The binding of electrons in an atom is dependant upon a range of factors, and spin is one of them (spin is one of the quantum numbers that is folded into the Pauli exclusion principle and thus dictates how electron shells are filled.) Metals are a class of elements for which some electrons in the outermost shell are not tightly bound, and the atoms coalesce into a body held together by a sort of hybrid of covalent bonding and a sea of dislocated electrons surrounding the relatively positively charged metal atoms. The actual hybrid being dependant upon the individual elements present.

The need for thicker wires is simply because of resistive heating. Moving electrons don’t move freely and as they are dislocated and move through the metal they dissipate energy into the metal lattice, heating it. More metal, the fewer electrons are trying to push though a given part of the metal, so the easier it is. Less resistance to movement and less heat dissipated, so the metal doesn’t get as hot.

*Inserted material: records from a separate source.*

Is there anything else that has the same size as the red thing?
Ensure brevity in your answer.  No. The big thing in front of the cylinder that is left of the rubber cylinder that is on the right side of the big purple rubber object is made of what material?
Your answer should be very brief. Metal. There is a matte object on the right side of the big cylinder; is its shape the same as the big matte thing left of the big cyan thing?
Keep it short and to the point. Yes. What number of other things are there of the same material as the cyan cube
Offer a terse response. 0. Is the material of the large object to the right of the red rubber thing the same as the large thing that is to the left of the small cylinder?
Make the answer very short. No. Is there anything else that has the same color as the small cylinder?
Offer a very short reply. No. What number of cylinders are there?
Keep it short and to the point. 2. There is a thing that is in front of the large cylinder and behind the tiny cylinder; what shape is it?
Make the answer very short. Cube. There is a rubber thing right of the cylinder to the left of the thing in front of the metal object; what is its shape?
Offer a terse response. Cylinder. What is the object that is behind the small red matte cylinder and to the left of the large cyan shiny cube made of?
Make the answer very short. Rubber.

Skin effect is one of the reasons high-current busbars operating at just 50 or 60 Hz are hollow (to avoid wasting copper in the middle of the bar, where current density is low):

Yeah, I’ll give you that. There is a point where the losses from skin effect affect the economics of the design. What skin effect does not do is drive the power delivery into the field external to the conductor.

Skin effect is always “in play.” A wire operating at 2 Hz has slightly more resistance than the same wire operating at 1 Hz, regardless of its gauge. Of course, the decrease in resistance from 1 Hz to 2 Hz is very small, so we usually ignore it.

The increase in resistance (compared to DC) due to skin effect becomes more and more significant as the frequency increases, and/or as cross-sectional area of the conductor increases.

How does electron flow explain data transmission down a wire pair or coax? Let’s say I have a series of data pulses traveling down a length of twisted pair that is properly terminated on both ends. The pulses are varying widths and spaces. Each pulse will result in current flow at the far end of the twisted pair. Each space will result in no current flowing through the terminating resistor. The length of the wire and the data rate is such that there is more than one pulse traveling down the wire at a time.

If the data pulses (1) are moving packets electrons that carry information from input to output. Then the (0) pulses are non-moving packets that must also be carried from input to output. So, if you have a 101 data sequence on the wire, how is the 0 carried?

The electric field changes.
The motion of the electrons is pretty much irrelevant.
The analogy I always liked was thinking of a wire as a tube filled with BBs, end-to-end, touching each other. Pushing a single BB into on end of the tube causes one at the other end to pop out.

Good example of the electron flow analogy. It also illustrates why the analogy doesn’t hold for data transmission. How does the zero get transmitted through the BBs?

BB = 1
No BB = 0.

Um, wait, what?

But with a 101 sequence, the BB and no-BB cases coexist.

No, there is time in between.
BB pops out (time passes, no BB), BB pops out.